A dismissive attitude towards traditional musical literacy often surfaces in Dodgion's account of her decades as a professional jazz musician. She proudly describes herself as "a self-taught drummer who got help along the way," and steadfastly declined to learn to read music or engage in conventional study of the instrument. Her methods of coping with bands employing written arrangements are laid bare in stories of sitting in with Lionel Hampton, an impromptu audition and short-lived gig with Benny Goodman, and a one-night substitution for Mel Lewis in the orchestra he co-led with Thad Jones. Her finely honed listening skills, an aural comprehension of these bands' repertoires, as well as an "insider's knowledge" of how an unfamiliar piece of music will evolve were sufficient to carry the day. "Other drummers didn't know Benny's time or how he would phrase," she asserts, "but I'd been to school for it, you might say, since I was 9 years old."

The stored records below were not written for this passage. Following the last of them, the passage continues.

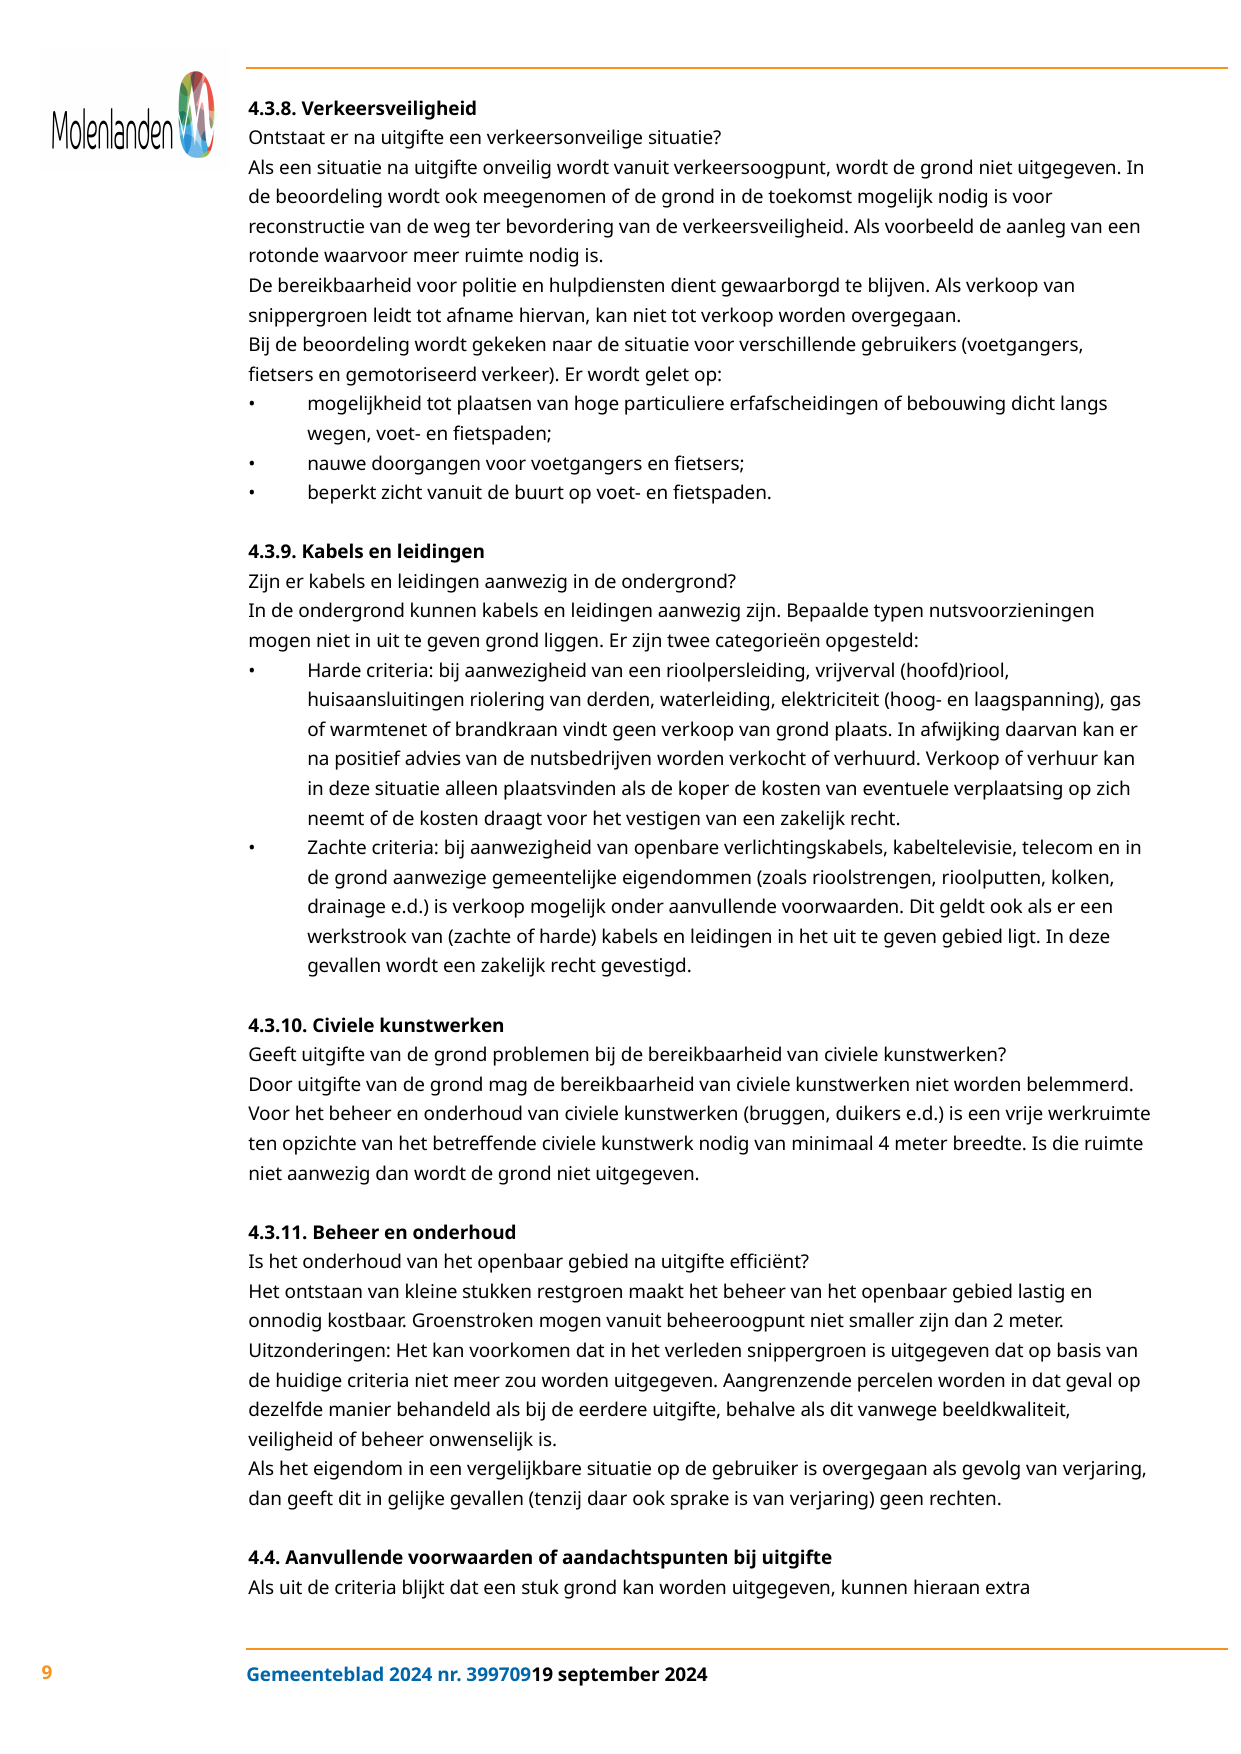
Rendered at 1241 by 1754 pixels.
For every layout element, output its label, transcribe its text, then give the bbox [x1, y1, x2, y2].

picture [41, 47, 231, 172]
text 4.3.10. Civiele kunstwerken [248, 1012, 1152, 1038]
text Bij de beoordeling wordt gekeken naar de situatie voor verschillende gebruikers (voetgangers, fietsers en gemotoriseerd verkeer). Er wordt gelet op: [248, 331, 1152, 387]
text Als uit de criteria blijkt dat een stuk grond kan worden uitgegeven, kunnen hieraan extra [248, 1574, 1152, 1600]
text 4.3.9. Kabels en leidingen [248, 538, 1152, 564]
text Uitzonderingen: Het kan voorkomen dat in het verleden snippergroen is uitgegeven dat op basis van de huidige criteria niet meer zou worden uitgegeven. Aangrenzende percelen worden in dat geval op dezelfde manier behandeld als bij de eerdere uitgifte, behalve als dit vanwege beeldkwaliteit, veiligheid of beheer onwenselijk is. [248, 1337, 1152, 1452]
list Harde criteria: bij aanwezigheid van een rioolpersleiding, vrijverval (hoofd)riool, huisaansluitingen riolering van derden, waterleiding, elektriciteit (hoog- en laagspanning), gas of warmtenet of brandkraan vindt geen verkoop van grond plaats. In afwijking daarvan kan er na positief advies van de nutsbedrijven worden verkocht of verhuurd. Verkoop of verhuur kan in deze situatie alleen plaatsvinden als de koper de kosten van eventuele verplaatsing op zich neemt of de kosten draagt voor het vestigen van een zakelijk recht. [248, 657, 1152, 831]
text 4.3.11. Beheer en onderhoud [248, 1219, 1152, 1245]
list beperkt zicht vanuit de buurt op voet- en fietspaden. [248, 479, 1152, 505]
text Geeft uitgifte van de grond problemen bij de bereikbaarheid van civiele kunstwerken? [248, 1041, 1152, 1067]
text Ontstaat er na uitgifte een verkeersonveilige situatie? [248, 124, 1152, 150]
text De bereikbaarheid voor politie en hulpdiensten dient gewaarborgd te blijven. Als verkoop van snippergroen leidt tot afname hiervan, kan niet tot verkoop worden overgegaan. [248, 272, 1152, 328]
text In de ondergrond kunnen kabels en leidingen aanwezig zijn. Bepaalde typen nutsvoorzieningen mogen niet in uit te geven grond liggen. Er zijn twee categorieën opgesteld: [248, 598, 1152, 653]
text 4.3.8. Verkeersveiligheid [248, 95, 1152, 121]
text Het ontstaan van kleine stukken restgroen maakt het beheer van het openbaar gebied lastig en onnodig kostbaar. Groenstroken mogen vanuit beheeroogpunt niet smaller zijn dan 2 meter. [248, 1278, 1152, 1333]
list nauwe doorgangen voor voetgangers en fietsers; [248, 450, 1152, 476]
text Door uitgifte van de grond mag de bereikbaarheid van civiele kunstwerken niet worden belemmerd. Voor het beheer en onderhoud van civiele kunstwerken (bruggen, duikers e.d.) is een vrije werkruimte ten opzichte van het betreffende civiele kunstwerk nodig van minimaal 4 meter breedte. Is die ruimte niet aanwezig dan wordt de grond niet uitgegeven. [248, 1071, 1152, 1186]
text Zijn er kabels en leidingen aanwezig in de ondergrond? [248, 568, 1152, 594]
list Zachte criteria: bij aanwezigheid van openbare verlichtingskabels, kabeltelevisie, telecom en in de grond aanwezige gemeentelijke eigendommen (zoals rioolstrengen, rioolputten, kolken, drainage e.d.) is verkoop mogelijk onder aanvullende voorwaarden. Dit geldt ook als er een werkstrook van (zachte of harde) kabels en leidingen in het uit te geven gebied ligt. In deze gevallen wordt een zakelijk recht gevestigd. [248, 834, 1152, 978]
text 4.4. Aanvullende voorwaarden of aandachtspunten bij uitgifte [248, 1544, 1152, 1570]
text Is het onderhoud van het openbaar gebied na uitgifte efficiënt? [248, 1248, 1152, 1274]
text Als een situatie na uitgifte onveilig wordt vanuit verkeersoogpunt, wordt de grond niet uitgegeven. In de beoordeling wordt ook meegenomen of de grond in de toekomst mogelijk nodig is voor reconstructie van de weg ter bevordering van de verkeersveiligheid. Als voorbeeld de aanleg van een rotonde waarvoor meer ruimte nodig is. [248, 154, 1152, 268]
list mogelijkheid tot plaatsen van hoge particuliere erfafscheidingen of bebouwing dicht langs wegen, voet- en fietspaden; [248, 391, 1152, 446]
text Als het eigendom in een vergelijkbare situatie op de gebruiker is overgegaan als gevolg van verjaring, dan geeft dit in gelijke gevallen (tenzij daar ook sprake is van verjaring) geen rechten. [248, 1456, 1152, 1511]
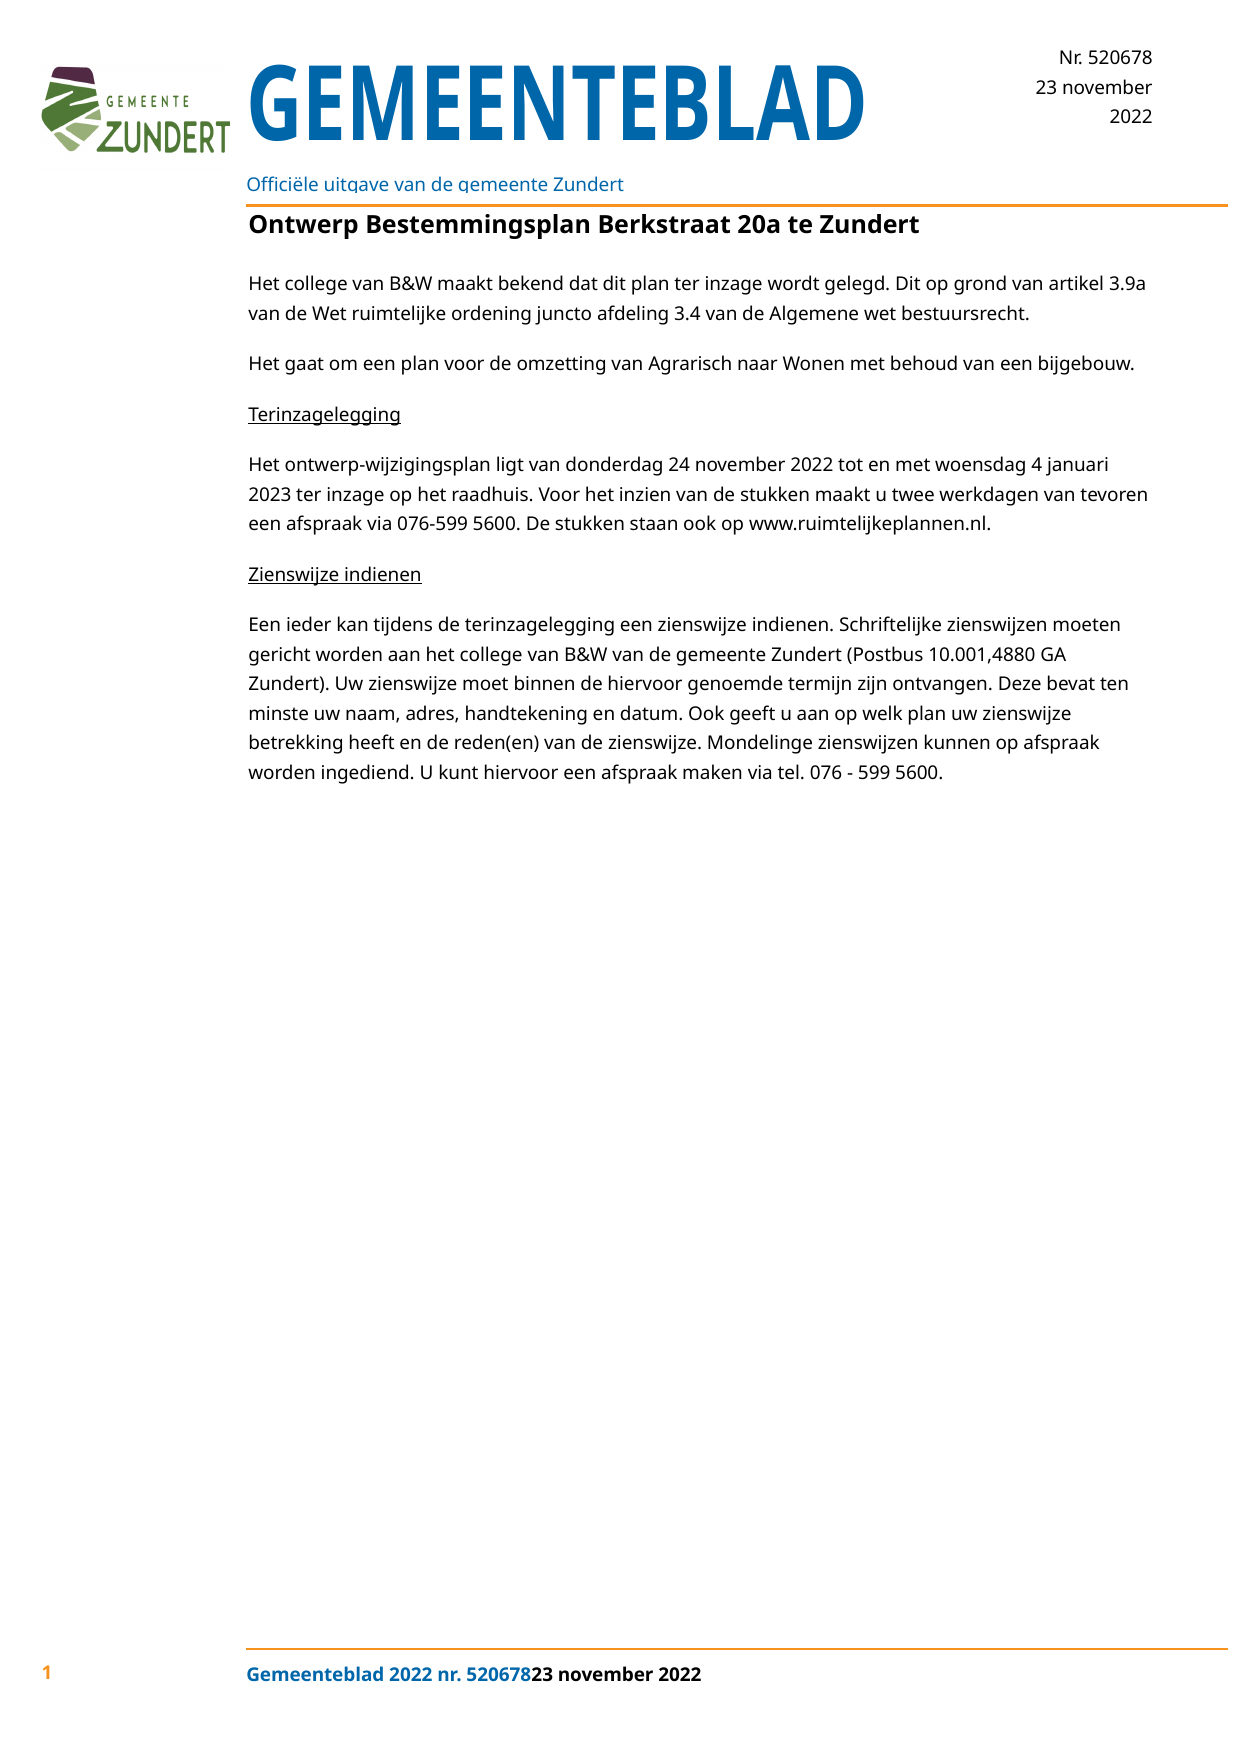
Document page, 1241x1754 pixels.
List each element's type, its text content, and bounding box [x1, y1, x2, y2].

text Het college van B&W maakt bekend dat dit plan ter inzage wordt gelegd. Dit op grond van artikel 3.9a van de Wet ruimtelijke ordening juncto afdeling 3.4 van de Algemene wet bestuursrecht. [248, 270, 1152, 326]
text Ontwerp Bestemmingsplan Berkstraat 20a te Zundert [248, 207, 1152, 241]
text Zienswijze indienen [248, 561, 1152, 586]
text Een ieder kan tijdens de terinzagelegging een zienswijze indienen. Schriftelijke zienswijzen moeten gericht worden aan het college van B&W van de gemeente Zundert (Postbus 10.001,4880 GA Zundert). Uw zienswijze moet binnen de hiervoor genoemde termijn zijn ontvangen. Deze bevat ten minste uw naam, adres, handtekening en datum. Ook geeft u aan op welk plan uw zienswijze betrekking heeft en de reden(en) van de zienswijze. Mondelinge zienswijzen kunnen op afspraak worden ingediend. U kunt hiervoor een afspraak maken via tel. 076 - 599 5600. [248, 611, 1152, 785]
text Het ontwerp-wijzigingsplan ligt van donderdag 24 november 2022 tot en met woensdag 4 januari 2023 ter inzage op het raadhuis. Voor het inzien van de stukken maakt u twee werkdagen van tevoren een afspraak via 076-599 5600. De stukken staan ook op www.ruimtelijkeplannen.nl. [248, 451, 1152, 536]
text Terinzagelegging [248, 401, 1152, 426]
picture [41, 47, 231, 172]
text Het gaat om een plan voor de omzetting van Agrarisch naar Wonen met behoud van een bijgebouw. [248, 350, 1152, 376]

Dodgion's insistence on operating without the benefit of sheet music and lack of interest in conventional rudiment-based technique should not be confused with an absence of principles regarding her role in jazz ensembles ranging from combos to big bands. The goal was to be part of a rhythm section in which "all three musicians are close together in their interpretation or division of the time...it's complete Nirvana." She thrived as a supportive player, displayed little interest in taking a solo, and is critical of drummers who rely solely on power and volume to lay down a tempo. Taking the advice of her longtime mentor, bassist Eugene Wright, "I listen to the overall sound and then I play right in the middle or just under the rest of the band so I never get in their way." Just as important was Wright's insistence that when working with subpar players Dodgion had a responsibility to elevate their musicianship and make them swing.

Throughout the book Dodgion displays remarkable tenacity in doing whatever was necessary to get a toehold in the business of playing jazz. For example, at Bop City in San Francisco in the early 1950s, the It Club in Los Angeles in the later part of the same decade and the Half Note in New York City in the early 1960s, she was always hanging out and listening. Dodgion made her presence known without getting in the way, took advantage of any opportunity to sit in, gained valuable experience and— sometimes—received an offer of compensable work. "If a drummer took sick, was late, had habits, or lived in New Jersey and couldn't get across the bridge," she says of nights at the Half Note, "I was there and, by God it always paid off!."

The realization that her brief time in Benny Goodman's band would not necessarily lead to other high-profile opportunities was one of many humbling experiences in Dodgion's volatile career. "Yes, I'd rung the bell, but there were so many important musicians in New York doing impressive things that my small victory quickly slipped from view and I was just a footnote again." Nevertheless, she persisted. Playing casuals, weddings, and proms, and backing comedians and dance acts often paid the bills, while occasional protracted engagements with the likes of Marian McPartland, Wild Bill Davison, the Al Grey/Billy Mitchell Quintet, Ruby Braff, Joe Venuti and Melba Liston and Company kept her soul and jazz cred intact. In a move that is likely to endear her to purists, Dodgion left a lucrative, ongoing gig with Ron Rose because he played the melody to "Tie A Yellow Ribbon 'Round the Ole Oak Tree" like Lawrence Welk one time too many.

Dodgion's insistence on leaving the rough edges of her life intact for all to see, gleefully serving up her times in the music in all their messy glory, makes for compelling reading. The book is recommended to anyone interested in jazz musicians, particularly women, who are outside of the pantheon. The Lady Swings belongs on the short list of essential jazz autobiographies.

Dottie Dodgion died on September 17, 2021 at the age of 91.